Entering edit mode
2.8 years ago
nrizzolo1796
•
0
I have this file
files = list(SeqIO.parse("proteasomes.fasta", "fasta"))
Which is a list of proteasome Amino Acid sequences like "MALASVLERPLPVNQRGFFGLGGRADLLDLGPGSLSDGLSL..."
I want to convert each letter of the sequence to a number specified in this dictionary
AMINO_ACID_TO_ID = {'0': 0,
'A': 1,
'C': 2,
'D': 3,
'E': 4,
'F': 5,
'G': 6,
'H': 7,
'I': 8,
'K': 9,
'L': 10,
'M': 11,
'N': 12,
'P': 13,
'Q': 14,
'R': 15,
'S': 16,
'T': 17,
'V': 18,
'W': 19,
'Y': 20}
Sample code I tried but did not work
converted = np.asarray[AMINO_ACID_TO_ID[(files[0].seq)]]
Any quick way to do this?
out of curiosity, how will you make the distinction between for instance two As and one M ?
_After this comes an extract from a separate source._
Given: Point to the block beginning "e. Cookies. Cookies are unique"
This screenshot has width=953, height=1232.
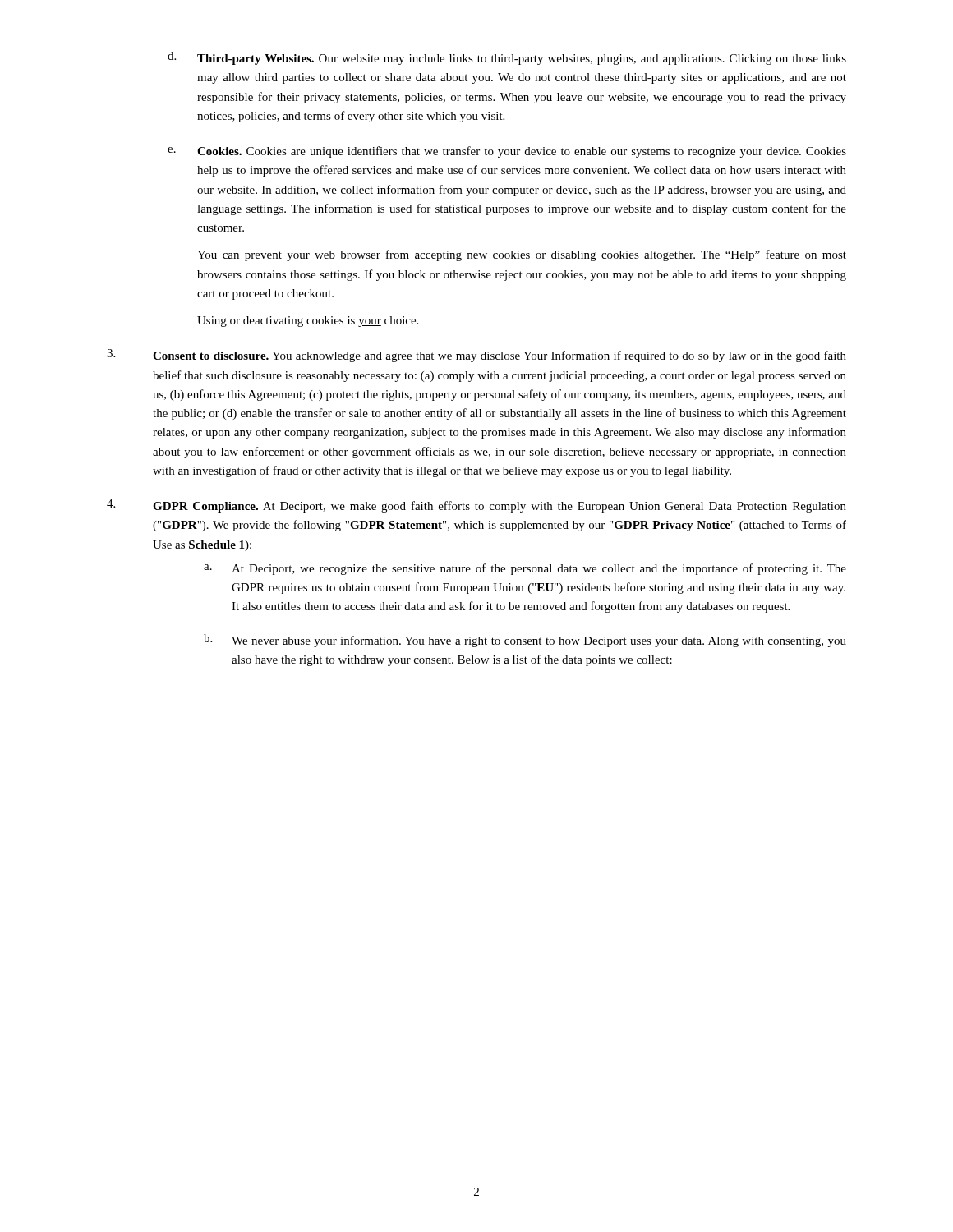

Not sure yet I was thinking a numpy array. The goal is to use the fasta files as input data for a neural net to generate similar sequences.
ah, ok, you keep them in an array (would indeed only be a problem if you print them in a line again)
That is a good point because they would need to be converted back to letters at the end.